While on October break, I worked on my school abroad application. I was even more determined to get into the program. I couldn’t suffer another failure. After October break, I went back to the spot in the quad where I thought I lost that wallet. I went back there everyday. I obsessed with finding it for it tore at my heart. How could I have lost something that my mom had worked so hard to get me? One day, I sat on the quad –the exact spot where I lost my beige wallet-and thought about what the future would bring. I was going to live in Spain for a year as my application had been successful. How far I had come and how far I was going? I wasn’t going to be the same little girl ever again. Living in Spain was wondrous, but a shock to the system. While I had been in a protected state at boarding school, where administrators would take pity on me because I was a poor Latina, in Spain I was a completely foreign entity to them. Who was this American that wasn’t white? I had even less money in Spain than I did in boarding school in the United States. So, I took on tutoring jobs where I taught English to twin 7 year old brats. It was basically babysitting. I walked to and from school so I managed to save up my weekly transportation money. My mom never knew about my financial difficulties. Why would I bother her with that? Years, later, my baby boy (well, toddler, but always my baby) has more in his savings account than the average American, and I’m determined that he’ll never have to scratch for every penny like I did.
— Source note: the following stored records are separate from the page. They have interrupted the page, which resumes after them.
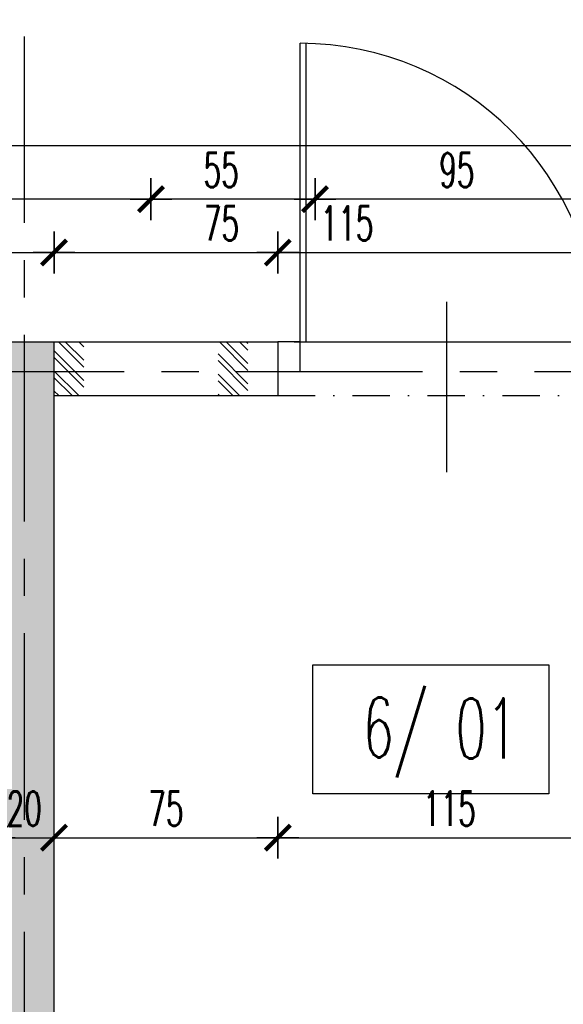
# Model space of a CAD drawing. Extents: x 41755 to 123924, y -112333 to 86187.
# Tile 160 of 256: x 100519 to 100702, y -17280 to -16951. Entities that reach past the tile are written whole.
import ezdxf
from ezdxf.enums import TextEntityAlignment as Align

# ---------------------------------------------------------------- set-up
doc = ezdxf.new("R2010")
doc.units = 0
doc.header["$LTSCALE"] = 50
for name, pattern in [('CENTER', [2, 1.25, -0.25, 0.25, -0.25]), ('DASHDOT', [1, 0.5, -0.25, 0, -0.25]), ('DASHED2', [0.375, 0.25, -0.125])]:
    doc.linetypes.add(name, pattern=pattern)
doc.layers.get('0').update_dxf_attribs({"color": 101, "linetype": 'CONTINUOUS'})
doc.layers.add('0-pomoc', color=21, linetype='CONTINUOUS', plot=False)
for name, color, linetype in [('Drz---drzwi', 5, 'CONTINUOUS'), ('Opis-pom', 6, 'CONTINUOUS'), ('Opis_pom_ramka', 6, 'CONTINUOUS'), ('Os-osie glowne', 1, 'CENTER'), ('Sc-beton', 7, 'CONTINUOUS'), ('Sc-beton-hatch', 86, 'CONTINUOUS'), ('Sc-cegla pustak', 42, 'CONTINUOUS'), ('Sc-cegla pustak-hatch', 8, 'CONTINUOUS'), ('Sc-nadproza kon', 5, 'DASHED2'), ('Wym-wew', 8, 'CONTINUOUS')]:
    doc.layers.add(name, color=color, linetype=linetype)
doc.styles.add('KA wymiar', font='romans.shx', dxfattribs={"width": 0.6})
doc.dimstyles.new('KA wymiar', dxfattribs={"dimscale": 50, "dimtxt": 0.23, "dimasz": 0.14, "dimexe": 0, "dimexo": 0, "dimgap": 0.08, "dimtad": 1, "dimdec": 1, "dimrnd": 0.5, "dimzin": 9, "dimdsep": 46, "dimtxsty": 'KA wymiar', "dimblk1": 'UKOS', "dimblk2": 'UKOS', "dimsah": 1, "dimcen": 0.2, "dimse1": 1, "dimse2": 1, "dimclrd": 256, "dimclre": 256, "dimclrt": 2, "dimadec": 0, "dimazin": 0, "dimtfac": 1, "dimtdec": 1, "dimtix": 1, "dimtmove": 2, "dimatfit": 3, "dimldrblk": 'DOT', "dimfxl": 0, "dimtolj": 1, "dimtzin": 9, "dimarcsym": 0})

# ---------------------------------------------------------------- blocks, each defined once
blk = doc.blocks.new('_gfjkhgjhlhjk')
at = {"ltscale": 7}
for p, q in [((7.5, 10), (7.5, 110)), ((9.5, 10), (9.5, 109.98)), ((56.5, 23.36), (56.5, -33.64))]:
    blk.add_line(p, q, dxfattribs=at)
for points in [[(0, 0), (7.5, 0), (7.5, 10), (0, 10)], [(107.5, 0), (115, 0), (115, 10), (107.5, 10)]]:
    blk.add_lwpolyline(points, close=True, dxfattribs=at)
blk.add_lwpolyline([(5.5, 10), (107.5, 10)], dxfattribs=at)
blk.add_arc((7.5, 10), 100, 0, 90)
blk = doc.blocks.new('UKOS')
at = {"color": 1}
blk.add_line((0, 1), (0, -1), dxfattribs=at)
at = {"color": 8}
blk.add_line((1, 0), (-1, 0), dxfattribs=at)
at = {"color": 1, "const_width": 0.2}
blk.add_lwpolyline([(0.599, 0.599), (-0.599, -0.599)], dxfattribs=at)
blk = doc.blocks.new('*D2601')
at = {"layer": 'Wym-wew', "lineweight": -2}
for p, q in [((100503.97, -17224.61), (100496.97, -17224.61)), ((100510.97, -17224.61), (100530.97, -17224.61)), ((100537.97, -17224.61), (100544.97, -17224.61))]:
    blk.add_line(p, q, dxfattribs=at)
at = {"layer": 'Wym-wew', "lineweight": -2, "xscale": 7.000000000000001, "yscale": 7.000000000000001, "zscale": 7.000000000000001}
blk.add_blockref('UKOS', (100510.97, -17224.61), dxfattribs=at)
at = {"layer": 'Wym-wew', "lineweight": -2, "xscale": 7.000000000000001, "yscale": 7.000000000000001, "zscale": 7.000000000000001, "rotation": 180}
blk.add_blockref('UKOS', (100530.97, -17224.61), dxfattribs=at)
at = {"layer": 'Wym-wew', "color": 2, "insert": (100520.97, -17214.86), "char_height": 11.5, "attachment_point": 5, "style": 'KA wymiar'}
blk.add_mtext('\\A1;20', dxfattribs=at)
blk = doc.blocks.new('_Dot')
at = {"layer": '0-pomoc', "color": 0, "lineweight": -2}
blk.add_line((-0.5, 0), (-1, 0), dxfattribs=at)
at = {"layer": '0-pomoc', "color": 0, "const_width": 0.5}
blk.add_lwpolyline([(-0.25, 0, 1), (0.25, 0, 1)], format="xyb", close=True, dxfattribs=at)
blk = doc.blocks.new('*D2602')
at = {"layer": 'Wym-wew', "lineweight": -2}
blk.add_line((100537.97, -17224.61), (100598.97, -17224.61), dxfattribs=at)
at = {"layer": 'Wym-wew', "lineweight": -2, "xscale": 7.000000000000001, "yscale": 7.000000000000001, "zscale": 7.000000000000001, "rotation": 180}
blk.add_blockref('UKOS', (100530.97, -17224.61), dxfattribs=at)
at = {"layer": 'Wym-wew', "lineweight": -2, "xscale": 7.000000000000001, "yscale": 7.000000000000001, "zscale": 7.000000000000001}
blk.add_blockref('UKOS', (100605.97, -17224.61), dxfattribs=at)
at = {"layer": 'Wym-wew', "color": 2, "insert": (100568.47, -17214.86), "char_height": 11.5, "attachment_point": 5, "style": 'KA wymiar'}
blk.add_mtext('\\A1;75', dxfattribs=at)
blk = doc.blocks.new('*D2603')
at = {"layer": 'Wym-wew', "lineweight": -2}
blk.add_line((100612.97, -17224.61), (100713.97, -17224.61), dxfattribs=at)
at = {"layer": 'Wym-wew', "lineweight": -2, "xscale": 7.000000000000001, "yscale": 7.000000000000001, "zscale": 7.000000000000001, "rotation": 180}
blk.add_blockref('UKOS', (100605.97, -17224.61), dxfattribs=at)
at = {"layer": 'Wym-wew', "lineweight": -2, "xscale": 7.000000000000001, "yscale": 7.000000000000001, "zscale": 7.000000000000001}
blk.add_blockref('UKOS', (100720.97, -17224.61), dxfattribs=at)
at = {"layer": 'Wym-wew', "color": 2, "insert": (100663.47, -17214.86), "char_height": 11.5, "attachment_point": 5, "style": 'KA wymiar'}
blk.add_mtext('\\A1;115', dxfattribs=at)
blk = doc.blocks.new('*D2661')
at = {"layer": 'Wym-wew', "lineweight": -2}
blk.add_line((100479.47, -17028.53), (100523.97, -17028.53), dxfattribs=at)
at = {"layer": 'Wym-wew', "lineweight": -2, "xscale": 7.000000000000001, "yscale": 7.000000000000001, "zscale": 7.000000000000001, "rotation": 180}
blk.add_blockref('UKOS', (100472.47, -17028.53), dxfattribs=at)
at = {"layer": 'Wym-wew', "lineweight": -2, "xscale": 7.000000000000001, "yscale": 7.000000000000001, "zscale": 7.000000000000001}
blk.add_blockref('UKOS', (100530.97, -17028.53), dxfattribs=at)
at = {"layer": 'Wym-wew', "color": 2, "insert": (100501.72, -17018.78), "char_height": 11.5, "attachment_point": 5, "style": 'KA wymiar'}
blk.add_mtext('\\A1;58.5', dxfattribs=at)
blk = doc.blocks.new('*D2662')
at = {"layer": 'Wym-wew', "lineweight": -2}
blk.add_line((100537.97, -17028.53), (100598.97, -17028.53), dxfattribs=at)
at = {"layer": 'Wym-wew', "lineweight": -2, "xscale": 7.000000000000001, "yscale": 7.000000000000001, "zscale": 7.000000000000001, "rotation": 180}
blk.add_blockref('UKOS', (100530.97, -17028.53), dxfattribs=at)
at = {"layer": 'Wym-wew', "lineweight": -2, "xscale": 7.000000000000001, "yscale": 7.000000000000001, "zscale": 7.000000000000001}
blk.add_blockref('UKOS', (100605.97, -17028.53), dxfattribs=at)
at = {"layer": 'Wym-wew', "color": 2, "insert": (100587.09, -17018.78), "char_height": 11.5, "attachment_point": 5, "style": 'KA wymiar'}
blk.add_mtext('\\A1;75', dxfattribs=at)
blk = doc.blocks.new('*D2663')
at = {"layer": 'Wym-wew', "lineweight": -2}
blk.add_line((100612.97, -17028.53), (100713.97, -17028.53), dxfattribs=at)
at = {"layer": 'Wym-wew', "lineweight": -2, "xscale": 7.000000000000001, "yscale": 7.000000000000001, "zscale": 7.000000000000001, "rotation": 180}
blk.add_blockref('UKOS', (100605.97, -17028.53), dxfattribs=at)
at = {"layer": 'Wym-wew', "lineweight": -2, "xscale": 7.000000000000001, "yscale": 7.000000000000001, "zscale": 7.000000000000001}
blk.add_blockref('UKOS', (100720.97, -17028.53), dxfattribs=at)
at = {"layer": 'Wym-wew', "color": 2, "insert": (100629.16, -17018.78), "char_height": 11.5, "attachment_point": 5, "style": 'KA wymiar'}
blk.add_mtext('\\A1;115', dxfattribs=at)
blk = doc.blocks.new('*D2668')
at = {"layer": 'Wym-wew', "lineweight": -2}
blk.add_line((99933.97, -16992.67), (101069.97, -16992.67), dxfattribs=at)
at = {"layer": 'Wym-wew', "lineweight": -2, "xscale": 7.000000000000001, "yscale": 7.000000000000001, "zscale": 7.000000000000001, "rotation": 180}
blk.add_blockref('UKOS', (99926.97, -16992.67), dxfattribs=at)
at = {"layer": 'Wym-wew', "lineweight": -2, "xscale": 7.000000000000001, "yscale": 7.000000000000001, "zscale": 7.000000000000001}
blk.add_blockref('UKOS', (101076.97, -16992.67), dxfattribs=at)
at = {"layer": 'Wym-wew', "color": 2, "insert": (100501.97, -16982.92), "char_height": 11.5, "attachment_point": 5, "style": 'KA wymiar'}
blk.add_mtext('\\A1;1150', dxfattribs=at)
blk = doc.blocks.new('_opis_pom_metka')
at = {"layer": 'Opis_pom_ramka'}
blk.add_lwpolyline([(-33.13, 0), (32.87, 0), (32.87, -36), (-33.13, -36)], close=True, dxfattribs=at)
at = {"style": 'KA wymiar', "width": 0.6}
blk.add_attdef('KO/', text='', height=16.8, dxfattribs=at).set_placement((3.45, -25.87), align=Align.RIGHT)
blk.add_attdef('NR', (3.8, -26.16), '', height=16.8, dxfattribs=at)
blk = doc.blocks.new('*D2812')
at = {"layer": 'Wym-wew', "lineweight": -2}
blk.add_line((100706.47, -17010.65), (100625.47, -17010.65), dxfattribs=at)
at = {"layer": 'Wym-wew', "lineweight": -2, "xscale": 7.000000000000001, "yscale": 7.000000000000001, "zscale": 7.000000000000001, "rotation": 180}
blk.add_blockref('UKOS', (100618.47, -17010.65), dxfattribs=at)
at = {"layer": 'Wym-wew', "lineweight": -2, "xscale": 7.000000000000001, "yscale": 7.000000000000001, "zscale": 7.000000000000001}
blk.add_blockref('UKOS', (100713.47, -17010.65), dxfattribs=at)
at = {"layer": 'Wym-wew', "color": 2, "insert": (100665.97, -17000.9), "char_height": 11.5, "attachment_point": 5, "style": 'KA wymiar'}
blk.add_mtext('\\A1;95', dxfattribs=at)
blk = doc.blocks.new('*D2813')
at = {"layer": 'Wym-wew', "lineweight": -2}
blk.add_line((100611.47, -17010.65), (100570.47, -17010.65), dxfattribs=at)
at = {"layer": 'Wym-wew', "lineweight": -2, "xscale": 7.000000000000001, "yscale": 7.000000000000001, "zscale": 7.000000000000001, "rotation": 180}
blk.add_blockref('UKOS', (100563.47, -17010.65), dxfattribs=at)
at = {"layer": 'Wym-wew', "lineweight": -2, "xscale": 7.000000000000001, "yscale": 7.000000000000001, "zscale": 7.000000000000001}
blk.add_blockref('UKOS', (100618.47, -17010.65), dxfattribs=at)
at = {"layer": 'Wym-wew', "color": 2, "insert": (100586.99, -17000.9), "char_height": 11.5, "attachment_point": 5, "style": 'KA wymiar'}
blk.add_mtext('\\A1;55', dxfattribs=at)
blk = doc.blocks.new('*D2814')
at = {"layer": 'Wym-wew', "lineweight": -2}
blk.add_line((100556.47, -17010.65), (100150.47, -17010.65), dxfattribs=at)
at = {"layer": 'Wym-wew', "lineweight": -2, "xscale": 7.000000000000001, "yscale": 7.000000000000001, "zscale": 7.000000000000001, "rotation": 180}
blk.add_blockref('UKOS', (100143.47, -17010.65), dxfattribs=at)
at = {"layer": 'Wym-wew', "lineweight": -2, "xscale": 7.000000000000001, "yscale": 7.000000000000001, "zscale": 7.000000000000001}
blk.add_blockref('UKOS', (100563.47, -17010.65), dxfattribs=at)
at = {"layer": 'Wym-wew', "color": 2, "insert": (100353.47, -17000.9), "char_height": 11.5, "attachment_point": 5, "style": 'KA wymiar'}
blk.add_mtext('\\A1;420', dxfattribs=at)

msp = doc.modelspace()

# ---------------------------------------------------------------- hatches: boundary and pattern name
at = {"layer": 'Sc-beton-hatch'}
h = msp.add_hatch(dxfattribs=at)
h.set_pattern_fill('ANSI33', color=256, style=0)
h.set_pattern_definition([(45, (48983.4185, 565.478), (-4.49012806, 4.49012806), []), (45, (48987.9087, 565.478), (-4.49012806, 4.49012806), [3.175, -1.5875])])
h.paths.add_polyline_path([(99926.966, -17068.44), (99916.966, -17068.44), (99916.966, -17133.066), (99926.966, -17135.877), (99926.966, -17134.44)])
h.paths.add_polyline_path([(99916.966, -17068.44), (99906.966, -17068.44), (99906.966, -17130.254), (99916.966, -17133.066)])
h.paths.add_polyline_path([(99916.966, -17133.066), (99906.966, -17130.254), (99906.966, -17178.855), (99916.966, -17178.855)])
h.paths.add_polyline_path([(99926.966, -17135.877), (99916.966, -17133.066), (99916.966, -17178.855), (99926.966, -17178.855)])
h.paths.add_polyline_path([(99926.966, -17178.855), (99916.966, -17178.855), (99916.966, -17249.944), (99926.966, -17249.944)])
h.paths.add_polyline_path([(99916.966, -17178.855), (99906.966, -17178.855), (99906.966, -17249.944), (99916.966, -17249.944)])
h.paths.add_polyline_path([(99916.966, -17249.944), (99906.966, -17249.944), (99906.966, -17372.44), (99916.966, -17372.44)])
h.paths.add_polyline_path([(99926.966, -17249.944), (99916.966, -17249.944), (99916.966, -17372.44), (100070.966, -17372.44), (100070.966, -17362.44), (99926.966, -17362.44)])
h.paths.add_polyline_path([(99916.966, -17372.44), (99906.966, -17372.44), (99906.966, -17382.44), (99916.966, -17382.44)])
h.paths.add_polyline_path([(100070.966, -17372.44), (99916.966, -17372.44), (99916.966, -17382.44), (100070.966, -17382.44)])
h.paths.add_polyline_path([(100091.966, -17372.44), (100081.966, -17372.44), (100081.966, -17382.44), (100091.966, -17382.44)])
h.paths.add_polyline_path([(100091.966, -17362.44), (100081.966, -17362.44), (100081.966, -17372.44), (100091.966, -17372.44)])
h.paths.add_polyline_path([(100120.966, -17362.44), (100102.966, -17362.44), (100102.966, -17372.44), (100120.966, -17372.44)])
h.paths.add_polyline_path([(100120.966, -17372.44), (100102.966, -17372.44), (100102.966, -17382.44), (100120.966, -17382.44)])
h.paths.add_polyline_path([(100141.966, -17372.44), (100131.966, -17372.44), (100131.966, -17382.44), (100141.966, -17382.44)])
h.paths.add_polyline_path([(100141.966, -17362.44), (100131.966, -17362.44), (100131.966, -17372.44), (100141.966, -17372.44)])
h.paths.add_polyline_path([(100195.788, -17362.44), (100152.966, -17362.44), (100152.966, -17372.44), (100195.788, -17372.44)])
h.paths.add_polyline_path([(100195.788, -17372.44), (100152.966, -17372.44), (100152.966, -17382.44), (100195.788, -17382.44)])
h.paths.add_polyline_path([(100251.966, -17372.44), (100195.788, -17372.44), (100195.788, -17382.44), (100251.966, -17382.44)])
h.paths.add_polyline_path([(100251.966, -17362.44), (100195.788, -17362.44), (100195.788, -17372.44), (100251.966, -17372.44)])
h.paths.add_polyline_path([(100520.966, -17068.44), (100472.466, -17068.44), (100472.466, -17078.44), (100510.966, -17078.44), (100510.966, -17270.44), (100510.966, -17362.44), (100316.966, -17362.44), (100316.966, -17354.44), (100296.966, -17354.44), (100296.966, -17362.44), (100251.966, -17362.44), (100251.966, -17372.44), (100520.966, -17372.44)])
h.paths.add_polyline_path([(100520.966, -17372.44), (100251.966, -17372.44), (100251.966, -17382.44), (100520.966, -17382.44)])
h.paths.add_polyline_path([(100358.466, -17068.44), (100296.966, -17068.44), (100296.966, -17164.94), (100316.966, -17164.94), (100316.966, -17078.44), (100358.466, -17078.44)], flags=17)
h.paths.add_polyline_path([(100358.466, -17058.44), (100296.966, -17058.44), (100296.966, -17068.44), (100358.466, -17068.44)])
h.paths.add_polyline_path([(100316.966, -17164.94), (100296.966, -17164.94), (100296.966, -17181.44), (100296.966, -17294.44), (100316.374, -17294.44), (100316.966, -17294.44)], flags=17)
h.paths.add_polyline_path([(100530.966, -17068.44), (100520.966, -17068.44), (100520.966, -17372.44), (100634.274, -17372.44), (100634.274, -17362.44), (100530.966, -17362.44)])
h.paths.add_polyline_path([(100530.966, -17058.44), (100520.966, -17058.44), (100520.966, -17068.44), (100530.966, -17068.44)])
h.paths.add_polyline_path([(100520.966, -17058.44), (100472.466, -17058.44), (100472.466, -17068.44), (100520.966, -17068.44)])
h.paths.add_polyline_path([(100634.274, -17372.44), (100520.966, -17372.44), (100520.966, -17382.44), (100634.274, -17382.44)])
h.paths.add_polyline_path([(100512.505, -17206.235), (100529.427, -17206.235), (100529.427, -17223.485), (100512.505, -17223.485)], flags=9)
h.paths.add_polyline_path([(100405.182, -17380.9), (100405.182, -17363.979), (100422.432, -17363.979), (100422.432, -17380.9)], flags=9)
h.paths.add_polyline_path([(100512.505, -17334.76), (100529.427, -17334.76), (100529.427, -17352.01), (100512.505, -17352.01)], flags=9)
h.paths.add_polyline_path([(100298.505, -17206.235), (100315.427, -17206.235), (100315.427, -17223.485), (100298.505, -17223.485)], flags=24)
at = {"layer": 'Sc-cegla pustak-hatch'}
h = msp.add_hatch(dxfattribs=at)
h.set_pattern_fill('ANSI32', color=256, scale=0.5, angle=90, style=0)
h.set_pattern_definition([(135, (48983.4185, 565.478), (-3.36759605, -3.36759605), []), (135, (48983.4185, 567.723), (-3.36759605, -3.36759605), [])])
h.paths.add_polyline_path([(100585.966, -17068.44), (100585.966, -17076.44), (100595.966, -17076.44), (100595.966, -17068.44)])
h.paths.add_polyline_path([(100595.966, -17068.44), (100595.966, -17058.44), (100585.966, -17058.44), (100585.966, -17068.44)])
h.paths.add_polyline_path([(100530.966, -17068.44), (100540.966, -17068.44), (100540.966, -17058.44), (100530.966, -17058.44)])
h.paths.add_polyline_path([(100530.966, -17076.44), (100540.966, -17076.44), (100540.966, -17068.44), (100530.966, -17068.44)])

# ---------------------------------------------------------------- linework, layer by layer
at = {"layer": 'Os-osie glowne'}
for points in [[(100520.966, -9956.124), (100520.966, -17560.331)], [(99691.966, -17068.44), (102917.643, -17068.44)]]:
    msp.add_lwpolyline(points, dxfattribs=at)
at = {"layer": 'Sc-beton'}
for points in [[(100472.466, -17058.44), (100530.966, -17058.44)], [(100530.966, -17058.44), (100530.966, -17362.44)]]:
    msp.add_lwpolyline(points, dxfattribs=at)
at = {"layer": 'Sc-cegla pustak'}
for points in [[(100530.966, -17058.44), (100605.966, -17058.44)], [(100605.966, -17058.44), (100605.966, -17076.44)], [(100530.966, -17076.44), (100605.966, -17076.44)]]:
    msp.add_lwpolyline(points, dxfattribs=at)
at = {"layer": 'Sc-nadproza kon', "linetype": 'DASHDOT', "ltscale": 0.5}
msp.add_lwpolyline([(100605.966, -17076.44), (100720.966, -17076.44)], dxfattribs=at)

# ---------------------------------------------------------------- block references
at = {"layer": 'Drz---drzwi'}
msp.add_blockref('_gfjkhgjhlhjk', (100605.966, -17068.44), dxfattribs=at)
at = {"layer": 'Opis-pom'}
ref = msp.add_blockref('_opis_pom_metka', (100657.424, -17166.699), dxfattribs=dict(at, xscale=1.2, yscale=1.2, zscale=1.2))
ref.add_attrib('KO/', '6/', dxfattribs={"layer": '0', "height": 20.16, "style": 'KA wymiar', "width": 0.6}).set_placement((100656.257, -17197.741), align=Align.RIGHT)
ref.add_attrib('NR', '01', (100665.534, -17198.097), dxfattribs={"layer": '0', "height": 20.16, "style": 'KA wymiar', "width": 0.6})

# ---------------------------------------------------------------- dimensions: what is measured, and where the dimension line sits
at = {"layer": 'Wym-wew'}
for base, p1, p2, picture, middle in [((101076.966, -16992.668), (99926.966, -16971.174), (101076.966, -17127.174), '*D2668', (100501.966, -16982.918)), ((100143.466, -17010.653), (100563.466, -17067.44), (100143.466, -17101.44), '*D2814', (100353.466, -17000.903)), ((100618.466, -17010.653), (100713.466, -17067.44), (100618.466, -17067.44), '*D2812', (100665.966, -17000.903)), ((100530.966, -17028.533), (100472.466, -17058.44), (100530.966, -17058.44), '*D2661', (100501.716, -17018.783)), ((100530.966, -17224.61), (100510.966, -17078.44), (100530.966, -17076.44), '*D2601', (100520.966, -17214.86)), ((100605.966, -17224.61), (100530.966, -17076.44), (100605.966, -17076.44), '*D2602', (100568.466, -17214.86)), ((100720.966, -17224.61), (100605.966, -17076.44), (100720.966, -17076.44), '*D2603', (100663.466, -17214.86))]:
    dim = msp.add_linear_dim(base=base, p1=p1, p2=p2, dimstyle='KA wymiar', override={"dimscale": 100, "dimtxt": 0.115, "dimasz": 0.07, "dimgap": 0.04, "dimdec": 2, "dimpost": '\\X', "dimtdec": 2}, dxfattribs=at)
    dim.commit()
    dim.dimension.update_dxf_attribs({"geometry": picture, "text_midpoint": middle})
for base, p1, p2, picture, middle in [((100563.466, -17010.653), (100618.466, -17067.44), (100563.466, -17067.44), '*D2813', (100586.992, -17000.903)), ((100605.966, -17028.533), (100530.966, -17058.44), (100605.966, -17058.44), '*D2662', (100587.088, -17018.783)), ((100720.966, -17028.533), (100605.966, -17058.44), (100720.966, -17069.028), '*D2663', (100629.163, -17018.783))]:
    dim = msp.add_linear_dim(base=base, p1=p1, p2=p2, dimstyle='KA wymiar', override={"dimscale": 100, "dimtxt": 0.115, "dimasz": 0.07, "dimgap": 0.04, "dimdec": 2, "dimpost": '\\X', "dimtdec": 2}, dxfattribs=at)
    dim.commit()
    dim.dimension.update_dxf_attribs({"geometry": picture, "text_midpoint": middle, "dimtype": 160})

doc.saveas('drawing.dxf')

Have you ever seen the movie “Better off Dead”? That first hour was just pure black humor. Loved it. Throughout the movie, there is a bratty newspaper boy on a bicycle that haunts the protagonist trying to get the $2.00 he is owed for the newspaper delivery. He shows up everywhere, demanding “I want my $2.” Can’t blame him for he had a job to do. Can’t blame the protagonist either for running from him, he had a broken heart to mend while he failed at numerous silly attempts to kill himself. The boy on the bike was the movie’s Macguffin. Nothing really came of it but it sure propelled the plot to even darker, sillier times. What would one do for $2?
Truth is, we are all after something and there is always something that challenges us in that pursuit. We wouldn’t be human if we didn’t have to overcome. But sometimes that which motivates our quest is in itself not that important. It is who we are at the end that is important. I was never able to solve the mystery of my lost beige wallet–my very own Maltese Falcon. Those were my dark days, in which I was shadowed by money worries and feelings of having failed. But now, whenever I find a $20 I left in my winter coat pocket, I am exuberantly overjoyed. Perhaps, even a bit irrationally exuberant. In what has been called the only “stoner” noir film The Big Lebowski, protagonist Jeff Lebowski’s stolen rug that “really tied the room together” is yet another Macguffin, and in a classic statement of life narrative he says, “Let me explain something to you. Um, I am not ‘Mr. Lebowski’. You’re Mr. Lebowski. I’m the Dude. So that’s what you call me. You know, that or, uh, His Dudeness, or uh, Duder, or El Duderino if you’re not into the whole brevity thing. Now that is succinct self-definition. Maybe I’ll tell people to refer to me as “Her Dudeness”. Except in Puerto Rico. Maybe there I’ll be “La Duderina”.